Our main goal is to unravel the nuclear events that drive activation and transformation of B lymphocytes, from changes in transcription, epigenetics and chromatin architecture, to recombination and hypermutation of antibody genes. To achieve these goals, our team combines a wide range of cutting-edge technologies, including genome editing, nanoscopy, in situ Hi-C, cryo-EM, and bioinformatic tools.
B lymphocytes in higher organisms develop in the bone marrow, where they recombine and assemble their cell surface antibody receptor genes. Upon migration to peripheral organs, antibody receptors may bind foreign proteins that belong to pathogens. This recognition leads to a second round of DNA recombination that changes the antibody class, from IgM to IgG, IgE, or IgA. We call this process class switch recombination.
In addition, the antibody genes are hypermutated during the immune response, a phenomenon which coupled to selection improves the capacity of B cells to recognize pathogens.

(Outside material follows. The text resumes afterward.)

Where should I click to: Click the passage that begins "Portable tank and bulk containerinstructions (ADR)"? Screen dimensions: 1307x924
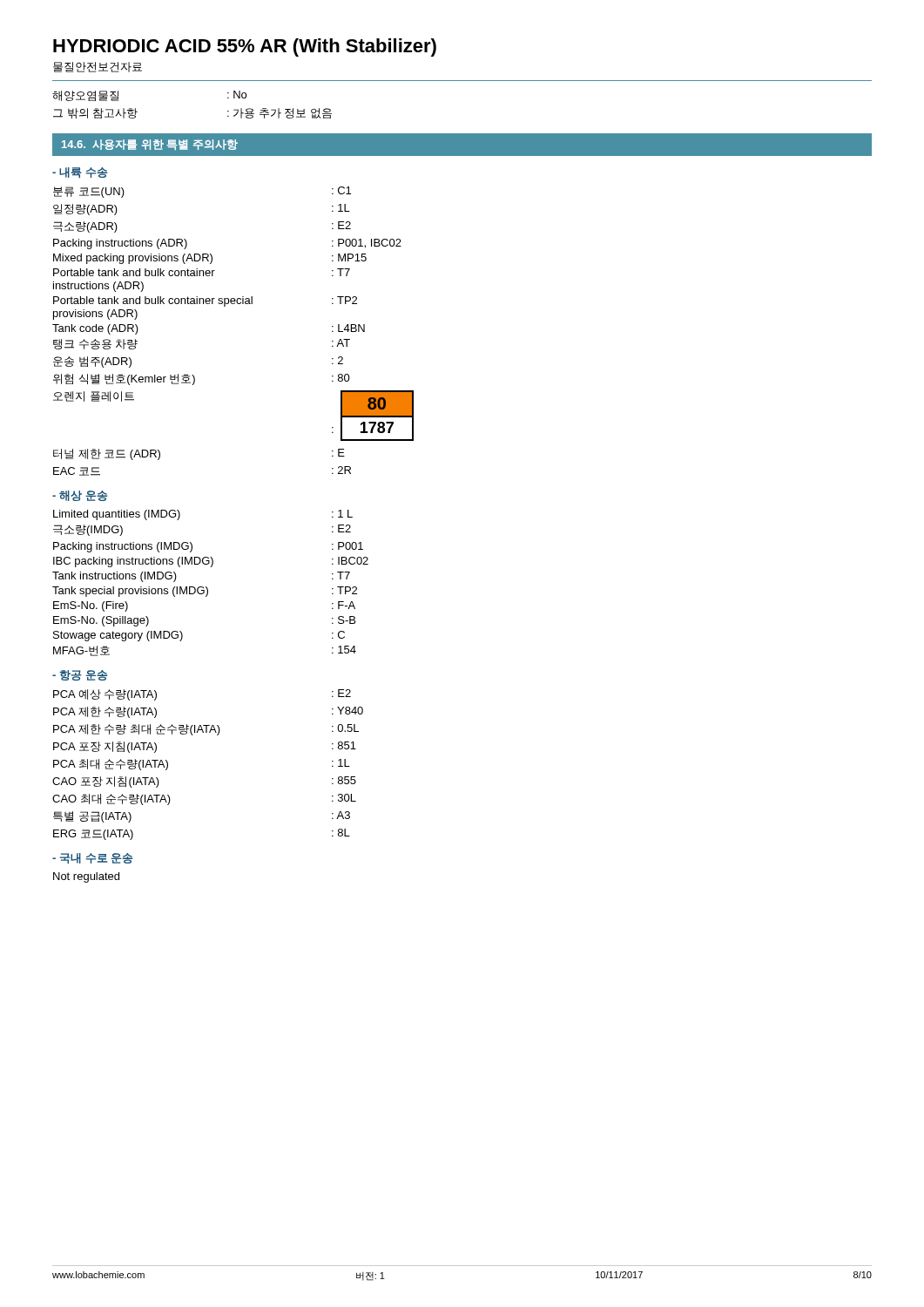coord(202,272)

Aside from antibody receptor genes, recombination and hypermutation can promiscuously target other loci in the B cell genome. This can lead to deregulation of transcription and B cell tumor development. Our laboratory has developed several assays to visualize and study such promiscuous activity at susceptible sites.
Our current interests involve:
- Understanding the impact of nuclear architecture on B cell gene expression.
- Dissecting mechanistic details of transcriptional activation.
- The production of new mouse models to generate human antibodies of clinical interest.
The Regulome Project
The NIH Regulome Project was established in 2010 as an ongoing collaboration of intramural and invited extramural research groups.
Its primary goal is to understand transcriptional regulation in mammalian systems using cutting-edge technologies, including Hi-C and derivatives, single-molecule microscopy, real-time transcriptional assays, cryo-EM, genomics, biological modeling, CRISPR-Cas9 genetic screens, neural networks, and biophysics.